Microbial Bioremediation of Feather Waste for Keratinase Production: An Outstanding Solution for Leather Dehairing in Tanneries

Mursheda Akhter  1 Lolo Wal Marzan  1 Yasmin Akter  1 Kazuyuki Shimizu  2   3
Affiliations

Microbial Bioremediation of Feather Waste for Keratinase Production: An Outstanding Solution for Leather Dehairing in Tanneries

Mursheda Akhter et al. Microbiol Insights. .

Abstract

In leather industries and tanneries, large amount of wastes has been disposed; which polluting water, soil, and atmosphere and causing serious human health problems. In particular, chemical dehairing process of leather industries produces fair amount of toxic wastes. It is, thus, urgently needed to use alternative processes free from pollution. As more than 90% of keratin is contained in feather, it is desirable to develop bioremediation process using keratinolytic microorganisms. In the present investigation, therefore, we first identified Bacillus cereus and Pseudomonas sp. to be able to produce keratinase. Then, the optimization was performed to maximize the keratinase activity with respect to cultivation temperature, pH, and incubation time. Moreover, the effects of metal ions and various substrates on keratinase activity were also investigated. The result indicates that keratinase activity became maximum at 50°C for both strains, whereas the optimal pH was 10.0 for B. cereus and 7.0 for Pseudomonas sp. The highest keratinase activity of 74.66 ± 1.52 U/mL was attained by B. cereus, whereas 57.66 ± 2.52 U/mL was attained by Pseudomonas sp.

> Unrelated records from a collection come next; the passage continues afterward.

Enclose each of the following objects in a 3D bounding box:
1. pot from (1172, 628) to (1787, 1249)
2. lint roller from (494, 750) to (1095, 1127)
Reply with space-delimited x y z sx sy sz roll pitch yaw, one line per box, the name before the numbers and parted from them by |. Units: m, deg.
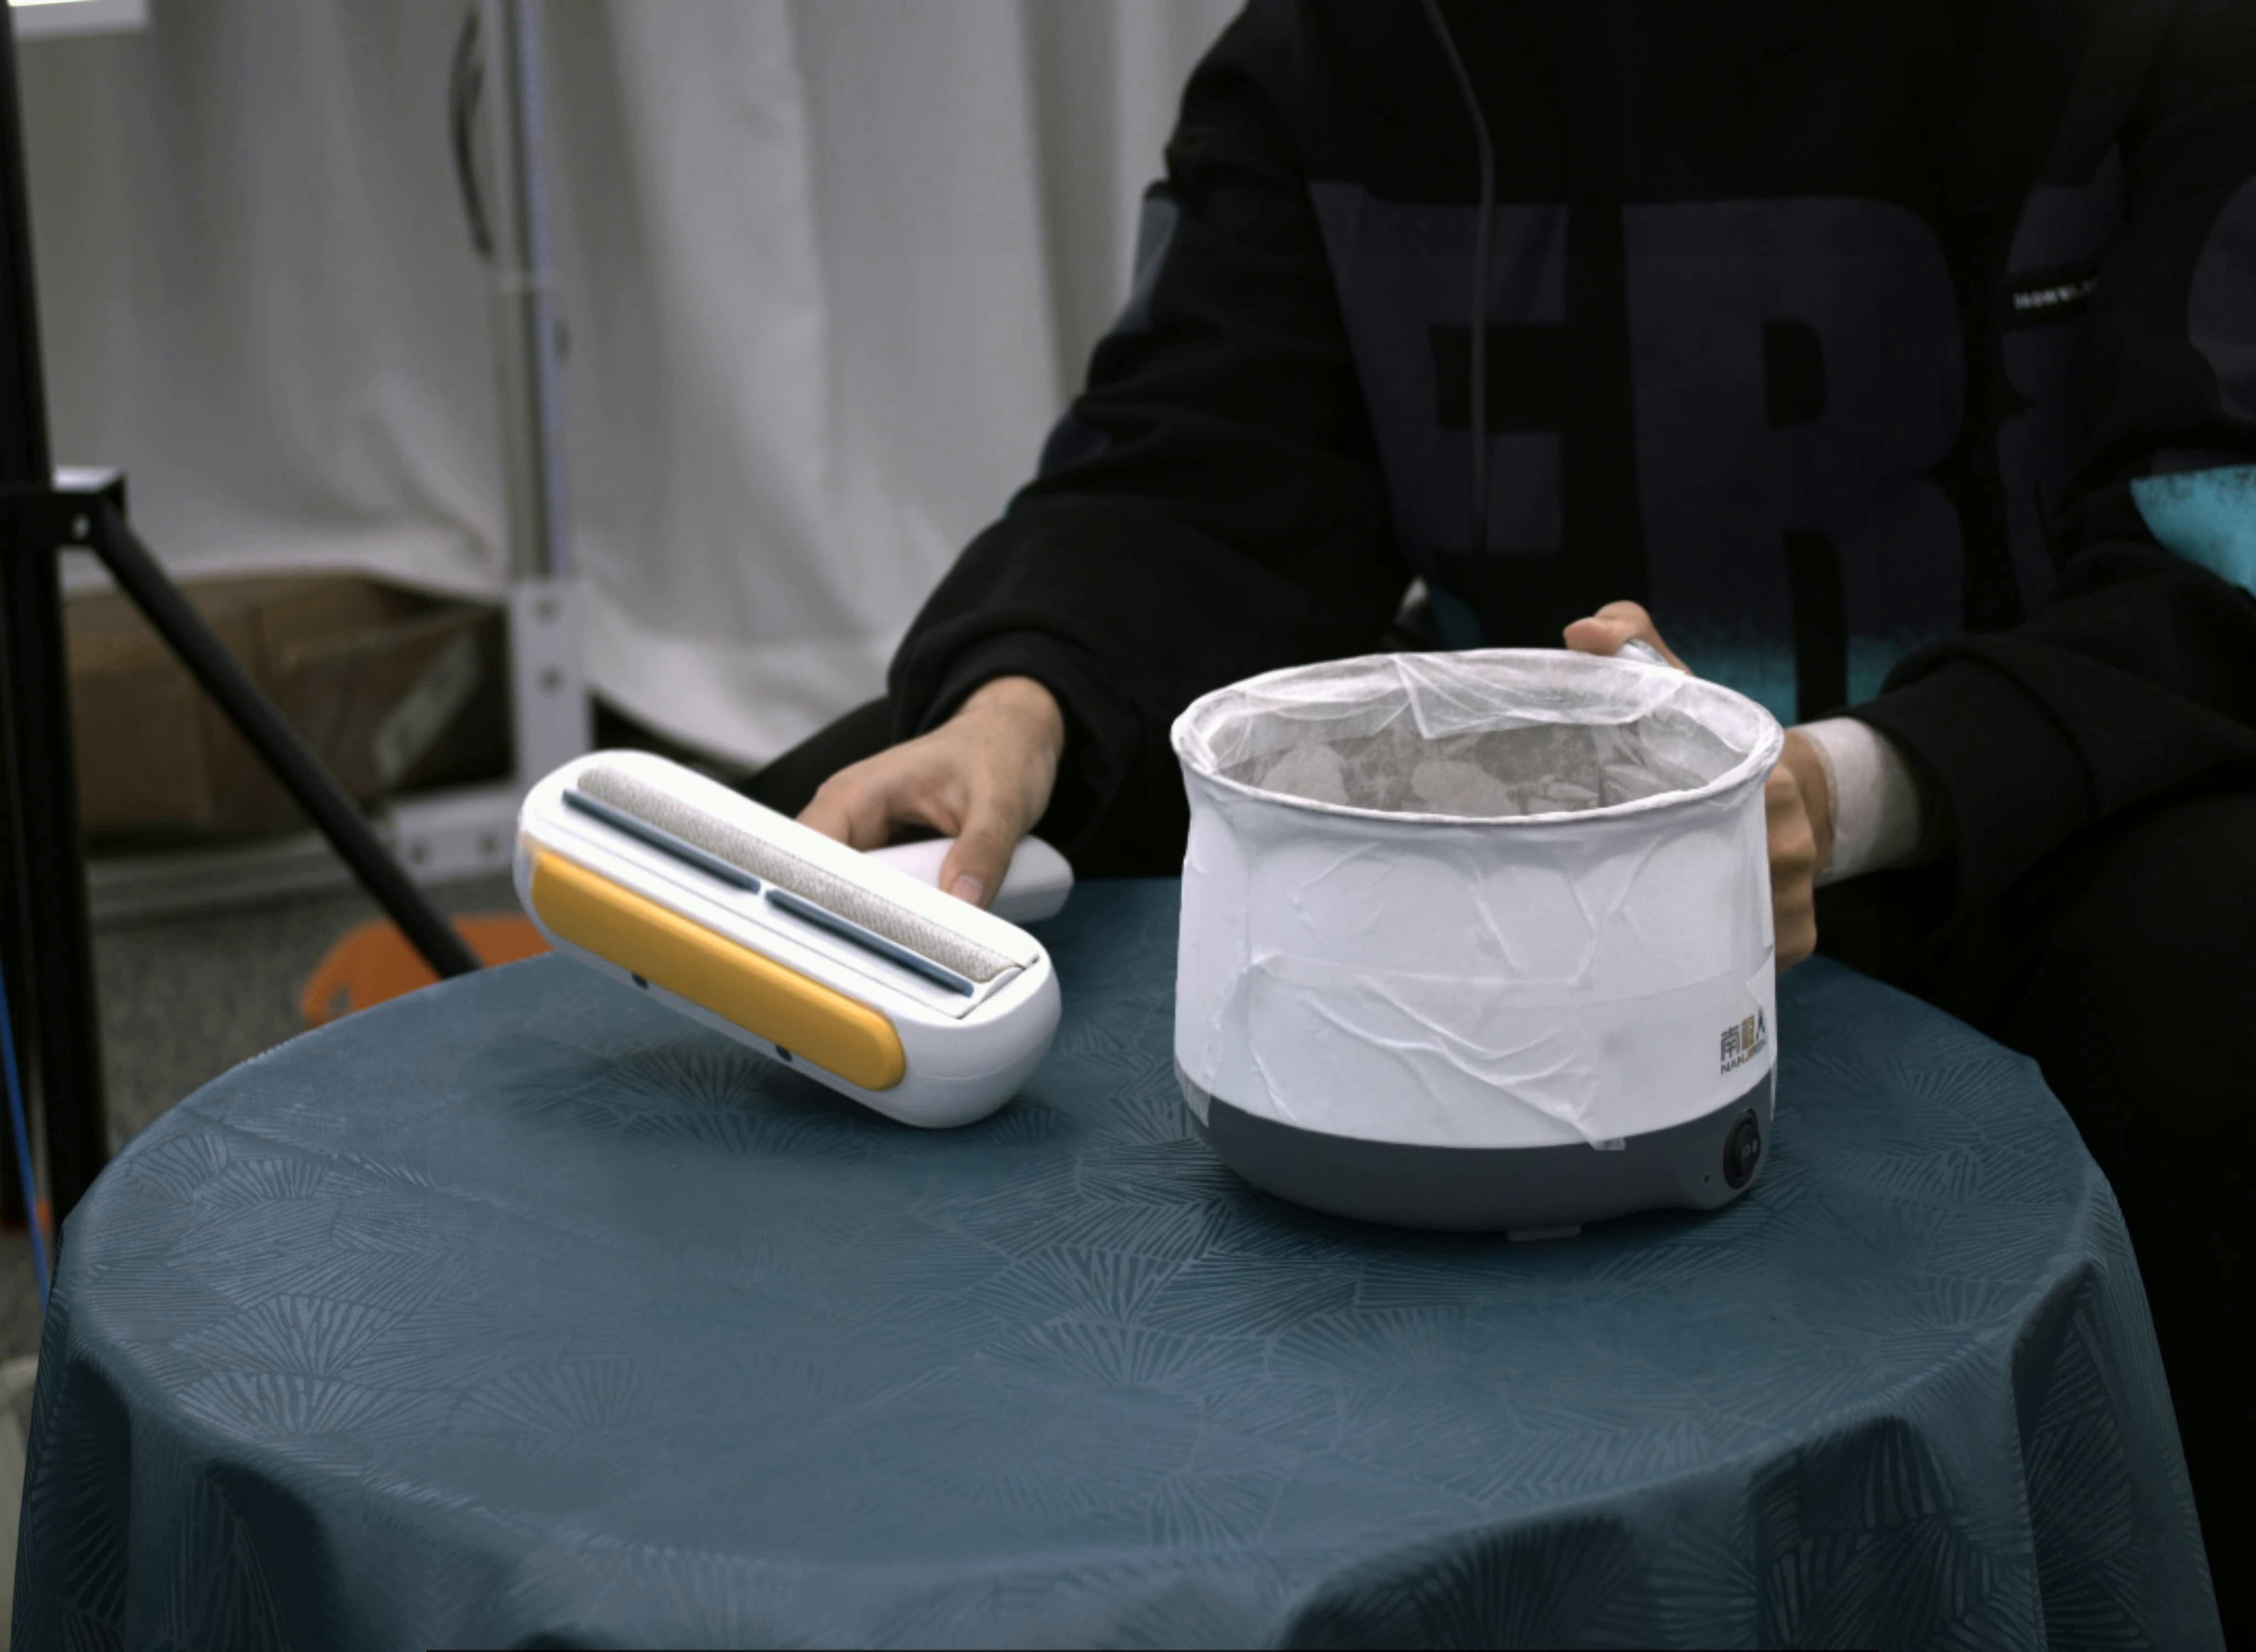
pot | 0.115 0.025 1.566 0.182 0.136 0.229 10 21 30
lint roller | -0.079 0.024 1.710 0.197 0.074 0.188 21 30 34

Enzymatic dehairing efficiency of leathers was also compared with chemical dehairing (Na2S and CaO), where complete dehairing was achieved by treating them with crude keratinase. Partial enzyme purification was performed by acetone precipitation. Batch cultivation of B. cereus using 1 L fermentor indicates a potential candidate for large-scale keratinase production. Thus, keratinase enzyme by degrading poultry wastes (feather) can be an alternative approach to chemical dehairing in leather industries, thus preventing environmental pollution through bioremediation.

Keywords: Bacillus cereus; Pseudomonas sp.; bioremediation; fermentation; keratinase; leather dehairing.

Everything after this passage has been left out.